For the national narrative and the social media, the farmers have only one question to ask: what does the country want, a farmer with a dead morale and subsequently on a funeral pyre, and a skull then or food. I am sure the people of this country do not want the former. But, the very first step is to acknowledge, believe and comprehend that there is a problem and come out of the flowery picture of lush green crops waving right before the harvests. If there is an end to the plight of the famers, we don’t know. We however know that everything can’t be put on the vagaries of the nature and the state and the central governments need to realize their responsibility, else the notion of ‘annadata’ is nothing more than a relieving concept to our mind, someone who is self-sufficient and is nothing more than an iconic figure to us. How indifferent we can be, is now-a-days easy to demonstrate if for once we think beyond the culture of ‘trending’ and a collective will to decide that what is and what is not concerning. However, the imagery of the macabre was no short of a powerful one and was it too much that they were asking for?

[1] Suicides in Farming Sector, NCRB, available at .

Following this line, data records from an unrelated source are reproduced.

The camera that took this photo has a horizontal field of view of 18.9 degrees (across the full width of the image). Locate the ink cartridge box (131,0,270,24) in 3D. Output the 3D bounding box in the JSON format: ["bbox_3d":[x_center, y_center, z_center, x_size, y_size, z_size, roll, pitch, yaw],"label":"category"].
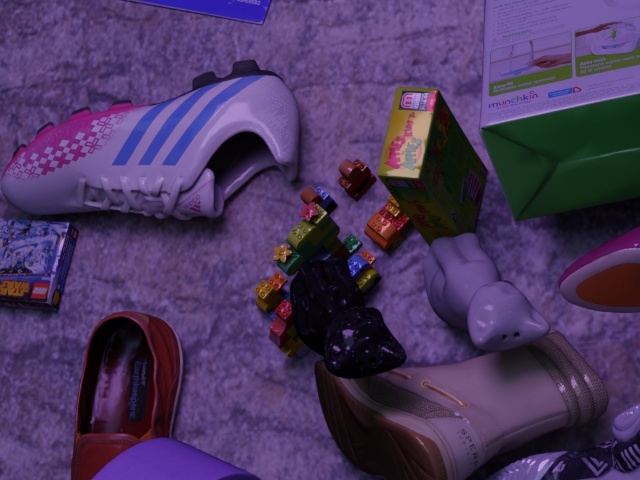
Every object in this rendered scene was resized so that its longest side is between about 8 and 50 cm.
[{"bbox_3d":[-0.124,-0.353,2.125,0.206,0.045,0.208,12,74,24],"label":"ink cartridge box"}]

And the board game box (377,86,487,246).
[{"bbox_3d":[0.109,-0.065,1.831,0.043,0.181,0.092,5,69,22],"label":"board game box"}]

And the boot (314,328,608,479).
[{"bbox_3d":[0.124,0.141,1.779,0.203,0.095,0.262,-21,18,-20],"label":"boot"}]

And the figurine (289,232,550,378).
[{"bbox_3d":[0.090,0.069,1.745,0.214,0.209,0.092,-10,104,-6],"label":"figurine"}]

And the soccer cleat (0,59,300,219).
[{"bbox_3d":[-0.176,-0.074,1.980,0.331,0.116,0.143,-20,62,11],"label":"soccer cleat"}]

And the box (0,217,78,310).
[{"bbox_3d":[-0.333,0.024,2.047,0.137,0.027,0.094,4,68,22],"label":"box"}]

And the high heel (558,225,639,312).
[{"bbox_3d":[0.324,-0.016,1.688,0.244,0.082,0.117,-24,34,26],"label":"high heel"}]

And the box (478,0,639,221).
[{"bbox_3d":[0.289,-0.161,1.794,0.261,0.127,0.231,-12,39,15],"label":"box"}]

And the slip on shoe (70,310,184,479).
[{"bbox_3d":[-0.198,0.222,1.869,0.123,0.101,0.331,-3,68,18],"label":"slip on shoe"}]

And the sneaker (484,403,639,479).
[{"bbox_3d":[0.282,0.256,1.598,0.366,0.137,0.210,-32,62,47],"label":"sneaker"}]

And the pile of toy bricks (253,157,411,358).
[{"bbox_3d":[0.000,0.000,1.888,0.118,0.105,0.212,39,85,30],"label":"pile of toy bricks"}]

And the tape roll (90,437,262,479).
[{"bbox_3d":[-0.150,0.318,1.707,0.090,0.275,0.275,20,76,28],"label":"tape roll"}]
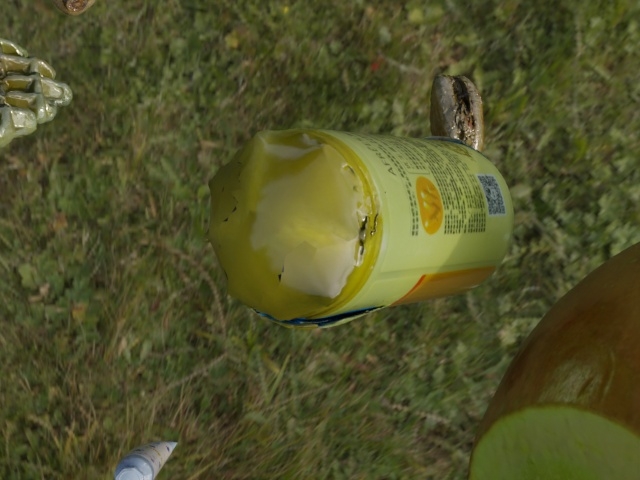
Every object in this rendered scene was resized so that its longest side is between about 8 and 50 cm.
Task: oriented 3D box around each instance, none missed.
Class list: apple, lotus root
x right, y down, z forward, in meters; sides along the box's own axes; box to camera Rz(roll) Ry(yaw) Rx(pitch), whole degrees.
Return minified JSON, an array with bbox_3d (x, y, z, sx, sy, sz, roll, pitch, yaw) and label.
[{"bbox_3d":[0.290,0.169,0.764,0.374,0.374,0.384,31,93,1],"label":"apple"},{"bbox_3d":[-0.300,-0.320,1.412,0.062,0.073,0.150,11,38,-27],"label":"lotus root"}]

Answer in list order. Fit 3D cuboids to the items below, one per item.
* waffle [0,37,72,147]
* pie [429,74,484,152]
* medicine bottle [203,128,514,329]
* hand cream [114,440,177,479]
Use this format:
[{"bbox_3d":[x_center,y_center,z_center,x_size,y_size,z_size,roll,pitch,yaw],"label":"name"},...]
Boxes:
[{"bbox_3d":[-0.508,-0.212,1.563,0.291,0.056,0.309,31,39,14],"label":"waffle"},{"bbox_3d":[0.218,-0.183,1.908,0.078,0.163,0.194,-5,66,-9],"label":"pie"},{"bbox_3d":[0.028,-0.011,0.754,0.239,0.124,0.124,-6,66,-57],"label":"medicine bottle"},{"bbox_3d":[-0.207,0.261,1.358,0.065,0.170,0.043,-14,90,1],"label":"hand cream"}]

[2] Sudhir T.S., Tamil Nadu farmers protest in Delhi: Desperate to be heard, agitators turn to the macabre, First Post, available at http://www.firstpost.com/india/tamil-nadu-farmers-protest-in-delhi-desperate-to-be-heard-agitators-turn-to-the-macabre-3354740.html.

[3] Perapaddan B.S., Tamil farmers ‘shed blood’ at Jantar Mantar, (April 8, 2017), available at http://www.thehindu.com/news/cities/Delhi/tamil-farmers-shed-blood-at-jantar-mantar/article17878112.ece.

[4] Harsh Mander, Droughts, Famines and Scarcities, Time for a Proactive State Mechanism, The Hindu Centre for Politics & Public Policy, (2016), p. 5.